-- Entries supplied follows --

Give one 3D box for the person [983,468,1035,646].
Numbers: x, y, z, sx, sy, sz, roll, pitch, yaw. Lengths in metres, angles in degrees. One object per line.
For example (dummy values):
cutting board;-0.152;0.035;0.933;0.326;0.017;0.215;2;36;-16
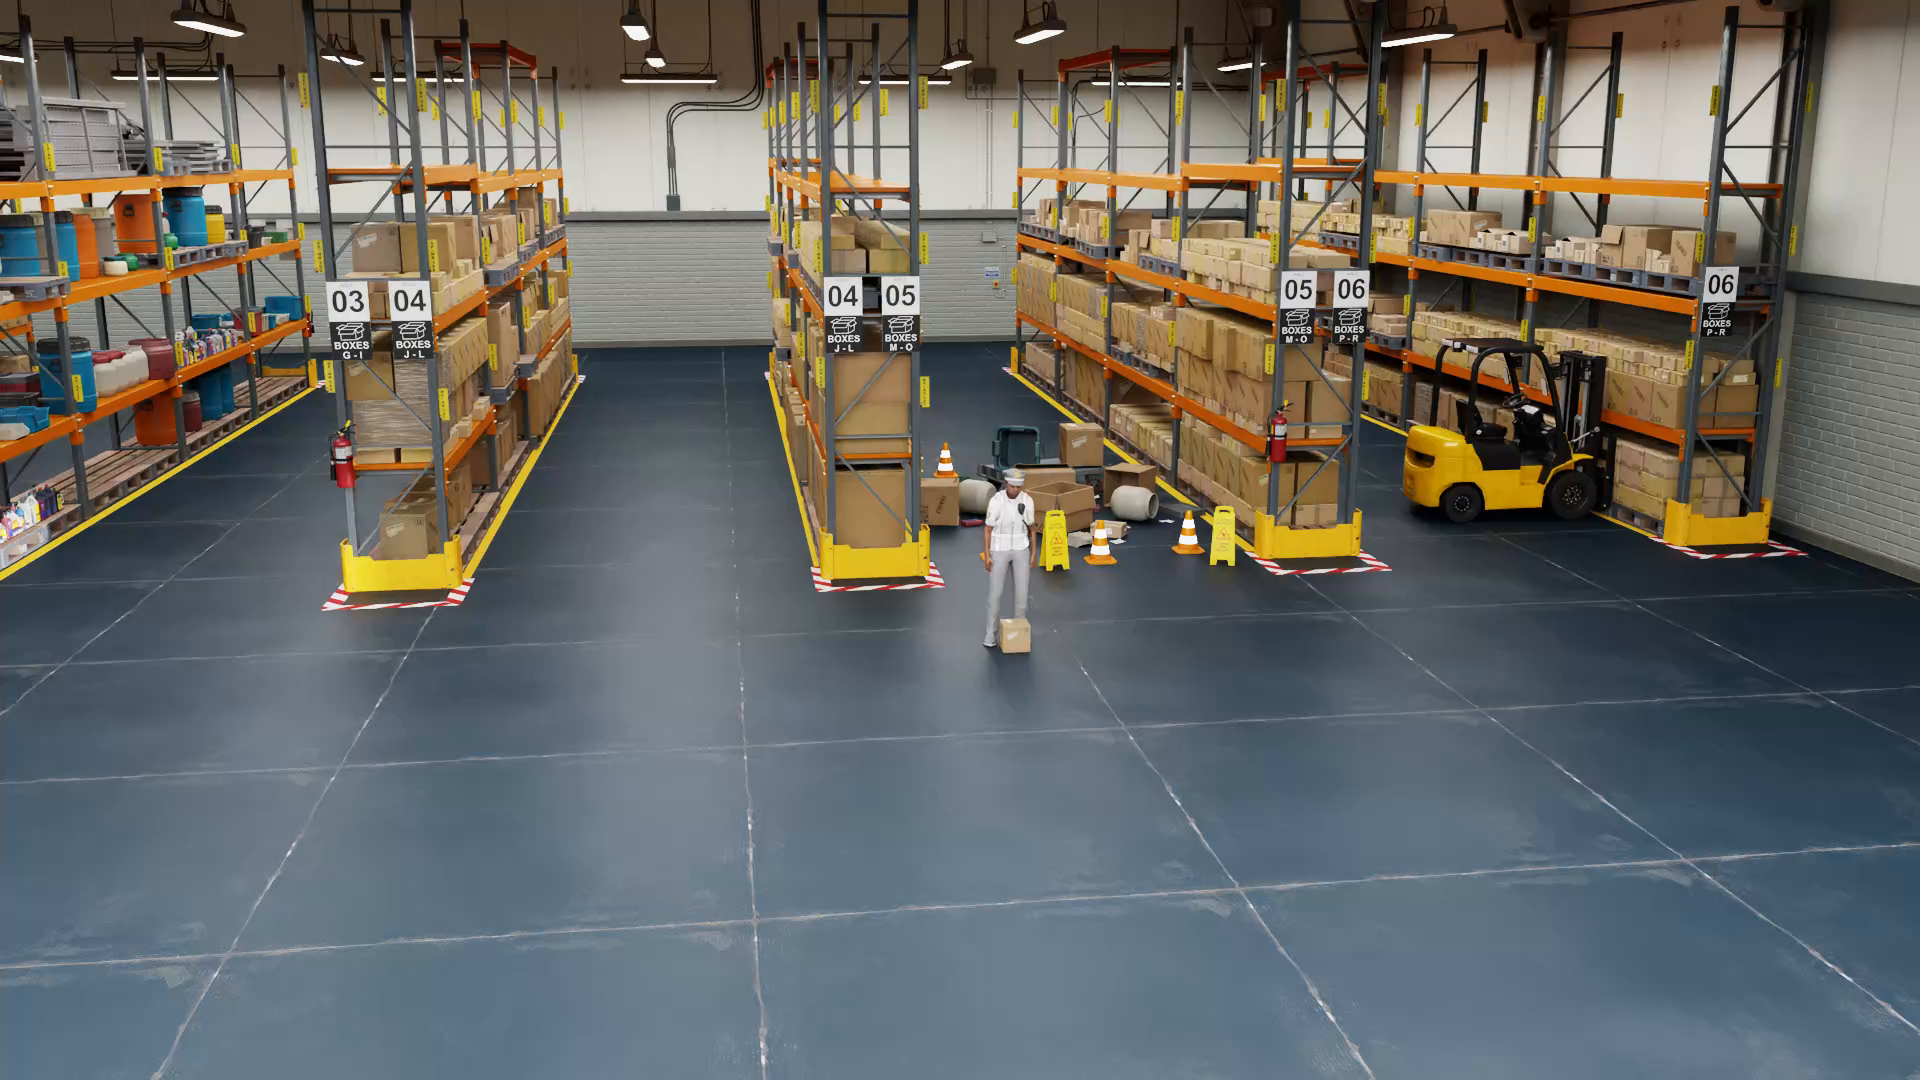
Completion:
person;0.452;0.143;15.386;0.505;1.657;0.394;-2;13;-10
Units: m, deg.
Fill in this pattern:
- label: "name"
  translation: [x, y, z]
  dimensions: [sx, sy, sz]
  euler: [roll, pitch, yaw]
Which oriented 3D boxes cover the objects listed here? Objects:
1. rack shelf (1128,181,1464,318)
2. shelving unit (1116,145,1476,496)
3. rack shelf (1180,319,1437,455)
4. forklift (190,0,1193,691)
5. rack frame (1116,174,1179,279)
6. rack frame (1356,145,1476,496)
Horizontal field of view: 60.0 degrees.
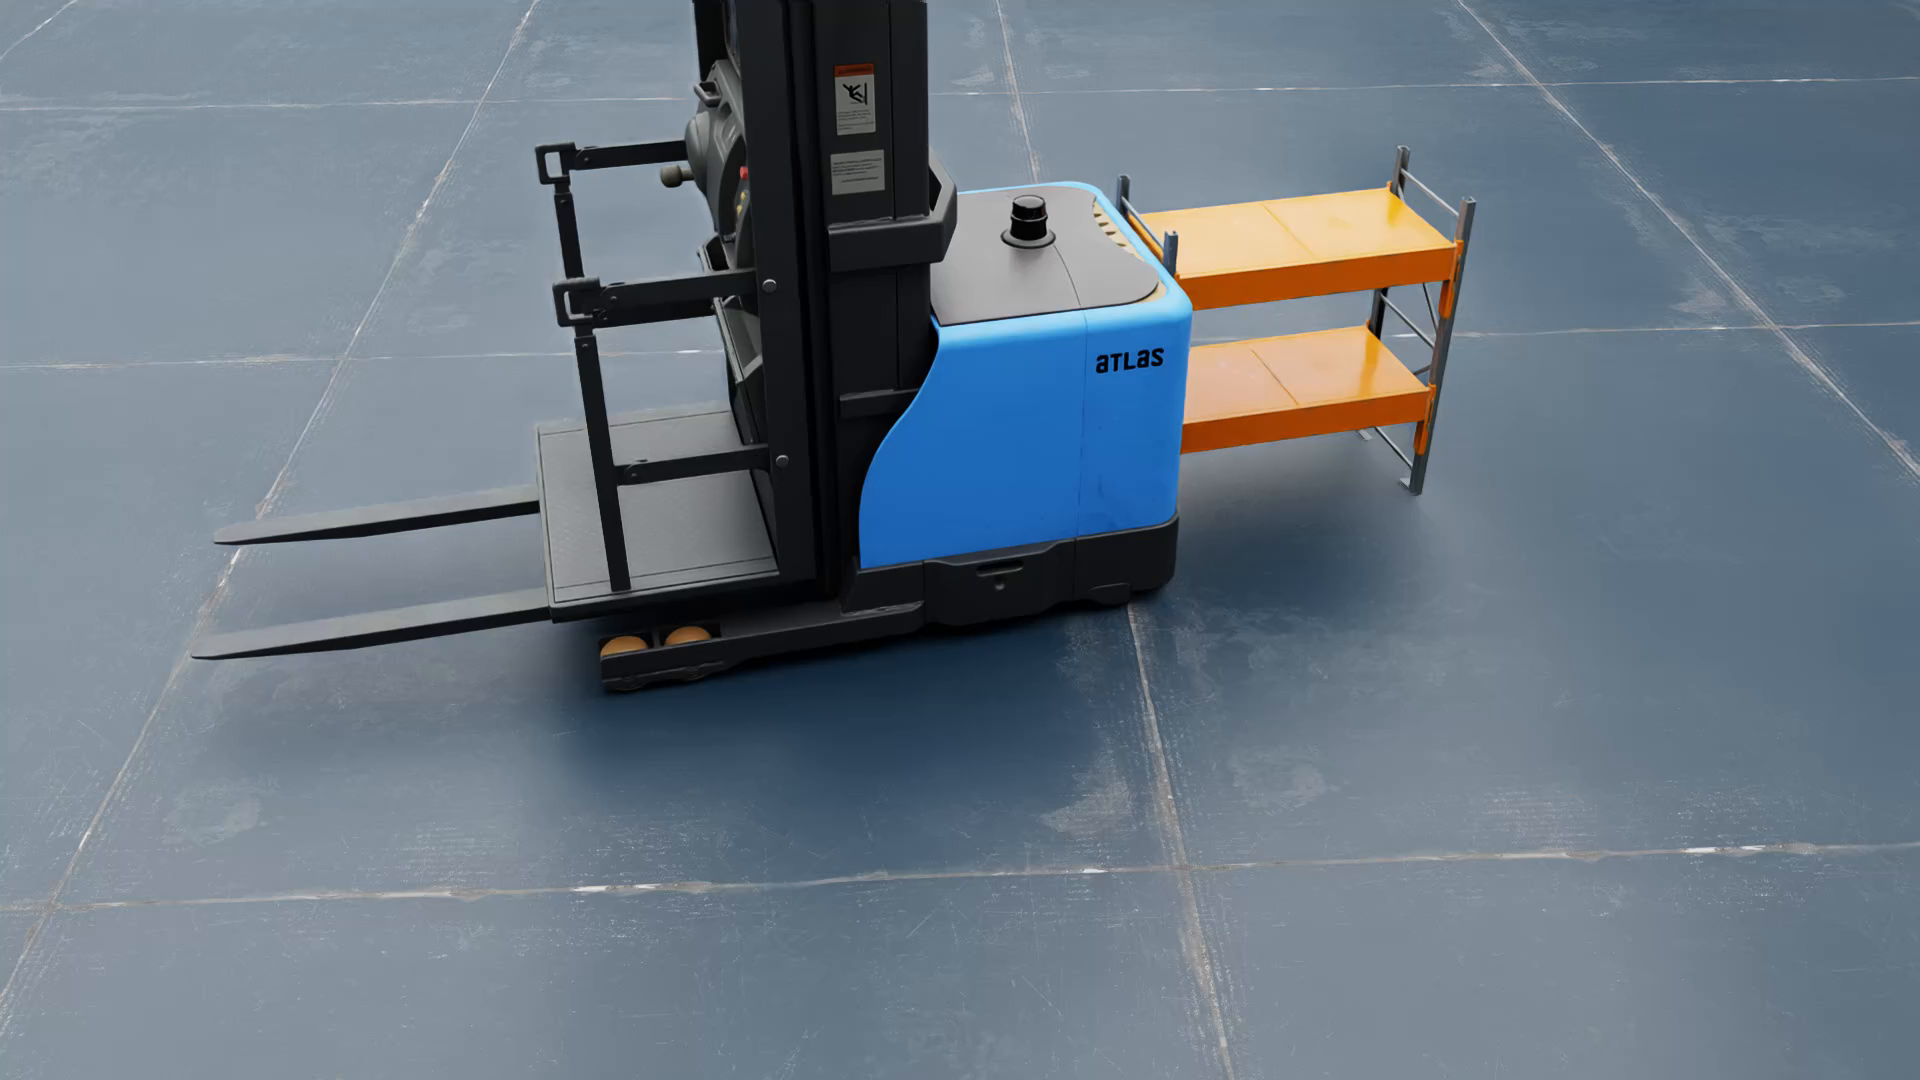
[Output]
- label: "rack shelf"
  translation: [1.092, -0.929, 5.589]
  dimensions: [1.000, 0.278, 0.538]
  euler: [-8, 36, -12]
- label: "shelving unit"
  translation: [1.092, -0.688, 5.756]
  dimensions: [1.048, 1.125, 0.538]
  euler: [-8, 36, -12]
- label: "rack shelf"
  translation: [1.092, -0.487, 5.895]
  dimensions: [1.000, 0.278, 0.538]
  euler: [-8, 36, -12]
- label: "forklift"
  translation: [-0.869, -1.078, 4.732]
  dimensions: [3.031, 2.935, 1.130]
  euler: [-8, 36, -12]
- label: "rack frame"
  translation: [0.600, -0.616, 5.652]
  dimensions: [0.032, 1.125, 0.500]
  euler: [-8, 36, -12]
- label: "rack frame"
  translation: [1.584, -0.760, 5.860]
  dimensions: [0.032, 1.125, 0.500]
  euler: [-8, 36, -12]

-- Entries supplied concluded --

§ Task details
Write out the material exactly, excluding pictures.

§ Result for this exercise
Give one 3D box for the person [983,468,1035,646].
Numbers: x, y, z, sx, sy, sz, roll, pitch, yaw. Lengths in metres, angles in degrees. One object per line.
For example (dummy values):
cutting board;-0.152;0.035;0.933;0.326;0.017;0.215;2;36;-16
Completion:
person;0.452;0.143;15.386;0.505;1.657;0.394;-2;13;-10
Units: m, deg.
Fill in this pattern:
- label: "name"
  translation: [x, y, z]
  dimensions: [sx, sy, sz]
  euler: [roll, pitch, yaw]
Which oriented 3D boxes cover the objects listed here? Objects:
1. rack shelf (1128,181,1464,318)
2. shelving unit (1116,145,1476,496)
3. rack shelf (1180,319,1437,455)
4. forklift (190,0,1193,691)
5. rack frame (1116,174,1179,279)
6. rack frame (1356,145,1476,496)
Horizontal field of view: 60.0 degrees.
[Output]
- label: "rack shelf"
  translation: [1.092, -0.929, 5.589]
  dimensions: [1.000, 0.278, 0.538]
  euler: [-8, 36, -12]
- label: "shelving unit"
  translation: [1.092, -0.688, 5.756]
  dimensions: [1.048, 1.125, 0.538]
  euler: [-8, 36, -12]
- label: "rack shelf"
  translation: [1.092, -0.487, 5.895]
  dimensions: [1.000, 0.278, 0.538]
  euler: [-8, 36, -12]
- label: "forklift"
  translation: [-0.869, -1.078, 4.732]
  dimensions: [3.031, 2.935, 1.130]
  euler: [-8, 36, -12]
- label: "rack frame"
  translation: [0.600, -0.616, 5.652]
  dimensions: [0.032, 1.125, 0.500]
  euler: [-8, 36, -12]
- label: "rack frame"
  translation: [1.584, -0.760, 5.860]
  dimensions: [0.032, 1.125, 0.500]
  euler: [-8, 36, -12]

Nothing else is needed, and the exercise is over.